The Race, a year later
by The Race Press office on 2 Mar 2002
Just one year ago, on March 3rd 2001 in Marseilles, the maxi-catamaran Club Med crossed the finishing line to win the first edition of The Race, after 62 days, 6
hours, 56 minutes and 33 seconds of extraordinary sailing. 27,408 miles (or 50,760 km) devoured at the astonishing average of 18.3 knots... never seen before! On
board, 13 members of crew, skilled, solid and complementary... recruited from the highest international ranks and representing no fewer than six different nations; a
fitting way to see Bruno Peyron's wish come true of bringing together Latin and Anglo-Saxon cultures to serve innovation and performance. In command of the blue
giant, New Zealander Grant Dalton, today in the throws of finishing his seventh circumnavigation at the helm of Amer Sports One, currently second in the Volvo
Ocean Race. 'It's always the people who make the difference, and we had the right people' stated the skipper shortly after crossing the finishing line on March 3rd
2001 at 20 hours, 56 minutes and 33 seconds.
Where are they now?
The incredible sum of competence brought together aboard the winner of The Race was, according to the skipper, the key to the 'the greatest race in my career as a
yachtsman'...
A year later, each one of the actors of this great adventure can once again be found in the thick of the most demanding races, starting with the French contingent, led
at the time by co-skipper Franck Proffit, one of the world's greatest ocean racing multihull specialists, shortly to be teaming up with Franck Cammas for the 2002
edition of the 9 Télécom Multihull Championship. Hervé Jan, an untiring globe girdler, current holder of the Jules Verne Trophy, is once again, with Bruno Peyron
this time, in pursuit of a new reference time on the former Innovation Explorer, renamed Orange. Fred le Peutrec, now skipper of the brand new trimaran Bayer, will
be joining forces with his old Club Med crew mates, Alexis de Cénival and Nicolas Pichelin, also involved, by the way, in the next America's Cup.

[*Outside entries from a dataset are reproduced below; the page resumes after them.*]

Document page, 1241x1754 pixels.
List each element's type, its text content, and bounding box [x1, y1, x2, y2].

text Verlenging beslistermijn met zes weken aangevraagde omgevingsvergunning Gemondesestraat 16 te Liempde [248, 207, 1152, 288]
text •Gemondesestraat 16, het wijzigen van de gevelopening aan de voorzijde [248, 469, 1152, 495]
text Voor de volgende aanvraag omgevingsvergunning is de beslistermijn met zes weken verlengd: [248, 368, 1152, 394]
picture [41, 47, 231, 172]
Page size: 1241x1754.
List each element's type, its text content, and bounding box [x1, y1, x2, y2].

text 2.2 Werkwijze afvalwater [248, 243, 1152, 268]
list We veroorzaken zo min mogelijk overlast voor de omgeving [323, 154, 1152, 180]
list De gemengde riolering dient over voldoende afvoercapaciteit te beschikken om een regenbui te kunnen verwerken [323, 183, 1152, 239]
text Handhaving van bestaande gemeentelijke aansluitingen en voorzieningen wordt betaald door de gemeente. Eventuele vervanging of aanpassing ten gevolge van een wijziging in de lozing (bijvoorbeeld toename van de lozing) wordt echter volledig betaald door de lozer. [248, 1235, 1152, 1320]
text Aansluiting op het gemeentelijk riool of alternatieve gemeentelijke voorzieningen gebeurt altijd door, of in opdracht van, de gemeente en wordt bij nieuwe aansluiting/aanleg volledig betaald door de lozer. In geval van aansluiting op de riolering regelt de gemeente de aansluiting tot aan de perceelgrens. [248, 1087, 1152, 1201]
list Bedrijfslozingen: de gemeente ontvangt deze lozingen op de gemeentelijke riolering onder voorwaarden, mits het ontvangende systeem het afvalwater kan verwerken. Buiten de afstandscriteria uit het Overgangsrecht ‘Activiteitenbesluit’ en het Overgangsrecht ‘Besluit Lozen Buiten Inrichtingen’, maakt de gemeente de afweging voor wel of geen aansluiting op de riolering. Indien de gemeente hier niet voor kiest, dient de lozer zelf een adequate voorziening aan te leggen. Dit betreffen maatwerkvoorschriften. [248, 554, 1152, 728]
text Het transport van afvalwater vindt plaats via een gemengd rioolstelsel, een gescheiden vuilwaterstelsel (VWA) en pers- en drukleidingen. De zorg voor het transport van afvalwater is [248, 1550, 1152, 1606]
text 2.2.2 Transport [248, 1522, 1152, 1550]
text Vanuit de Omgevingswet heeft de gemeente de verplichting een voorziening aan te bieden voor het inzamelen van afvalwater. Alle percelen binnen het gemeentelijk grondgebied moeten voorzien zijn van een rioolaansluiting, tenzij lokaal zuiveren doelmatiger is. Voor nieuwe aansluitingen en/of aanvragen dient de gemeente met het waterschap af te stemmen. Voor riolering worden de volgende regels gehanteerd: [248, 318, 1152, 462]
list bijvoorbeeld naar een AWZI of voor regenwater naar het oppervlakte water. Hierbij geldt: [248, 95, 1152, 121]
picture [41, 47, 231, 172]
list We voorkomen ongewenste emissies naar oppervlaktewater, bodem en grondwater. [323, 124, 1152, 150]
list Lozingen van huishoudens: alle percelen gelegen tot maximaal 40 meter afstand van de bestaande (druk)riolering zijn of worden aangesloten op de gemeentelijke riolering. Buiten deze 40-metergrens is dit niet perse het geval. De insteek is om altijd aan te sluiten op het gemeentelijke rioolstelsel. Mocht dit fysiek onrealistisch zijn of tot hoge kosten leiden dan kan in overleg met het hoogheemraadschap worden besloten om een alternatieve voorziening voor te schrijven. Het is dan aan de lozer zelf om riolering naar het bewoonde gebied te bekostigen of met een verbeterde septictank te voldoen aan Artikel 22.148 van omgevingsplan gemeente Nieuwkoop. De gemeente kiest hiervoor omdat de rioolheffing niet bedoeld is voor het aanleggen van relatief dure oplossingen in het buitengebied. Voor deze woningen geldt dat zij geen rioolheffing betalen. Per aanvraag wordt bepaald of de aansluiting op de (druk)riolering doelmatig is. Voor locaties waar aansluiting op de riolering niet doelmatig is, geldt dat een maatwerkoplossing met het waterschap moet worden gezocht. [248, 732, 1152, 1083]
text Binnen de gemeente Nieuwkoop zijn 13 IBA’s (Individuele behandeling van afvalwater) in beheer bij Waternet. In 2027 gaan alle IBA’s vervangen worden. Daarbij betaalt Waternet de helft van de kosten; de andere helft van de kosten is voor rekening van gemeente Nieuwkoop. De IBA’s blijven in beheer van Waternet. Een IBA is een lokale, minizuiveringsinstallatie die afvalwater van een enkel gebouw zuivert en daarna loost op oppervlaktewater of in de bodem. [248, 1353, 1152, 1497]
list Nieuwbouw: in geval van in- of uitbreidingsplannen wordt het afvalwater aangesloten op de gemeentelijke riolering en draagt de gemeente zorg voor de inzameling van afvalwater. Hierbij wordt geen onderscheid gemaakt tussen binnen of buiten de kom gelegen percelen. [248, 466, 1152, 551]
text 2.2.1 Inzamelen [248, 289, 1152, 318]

As for Jacques Caraës, he's lending a hand to Jean Le Cam (skipper of the trimaran Bonduelle), as co-ordinator up until the start of the next Route du Rhum, whilst
working at the same time on his Vendée Globe 2004 project.
As for what Grant called 'The Three Man Army', capable of fixing anything, they are also pursuing exemplary careers as can be testified by the presence of Jan
Dekker (dual nationality: French and South African) aboard Tyco and Neal MacDonald in command of Assa Abloy, two syndicates entered in the Volvo Ocean
Race, not forgetting New Zealander Ed Danby, in charge of the GBR Challenge shore team, the new British America's Cup challenge. He should soon be crossing
paths with his compatriot Mike Quilter involved in the preparation of the new Team New Zealand...
And the other two Latins on board? The Spaniard Guillermo Altadill and the Italian Stephano Rizzi are both battling in that vast round the world regatta, the
ex-Whitbread, Guillermo on board Assa Abloy alongside Neal MacDonald and the Stephano alongside Grant Dalton on board Amer Sports One.
Exceptional individual careers that one year further down the track vouch for the quality of a team assembled to win, beyond the divide between languages and
maritime cultures.
By inaugurating the era of giant ocean racing multihulls, these men have written the first lines of a history whose next great chapters will enthral us with the coming
record attempts along the greatest ocean course on the planet, right up until the start of the next edition of The Race, in February 2004.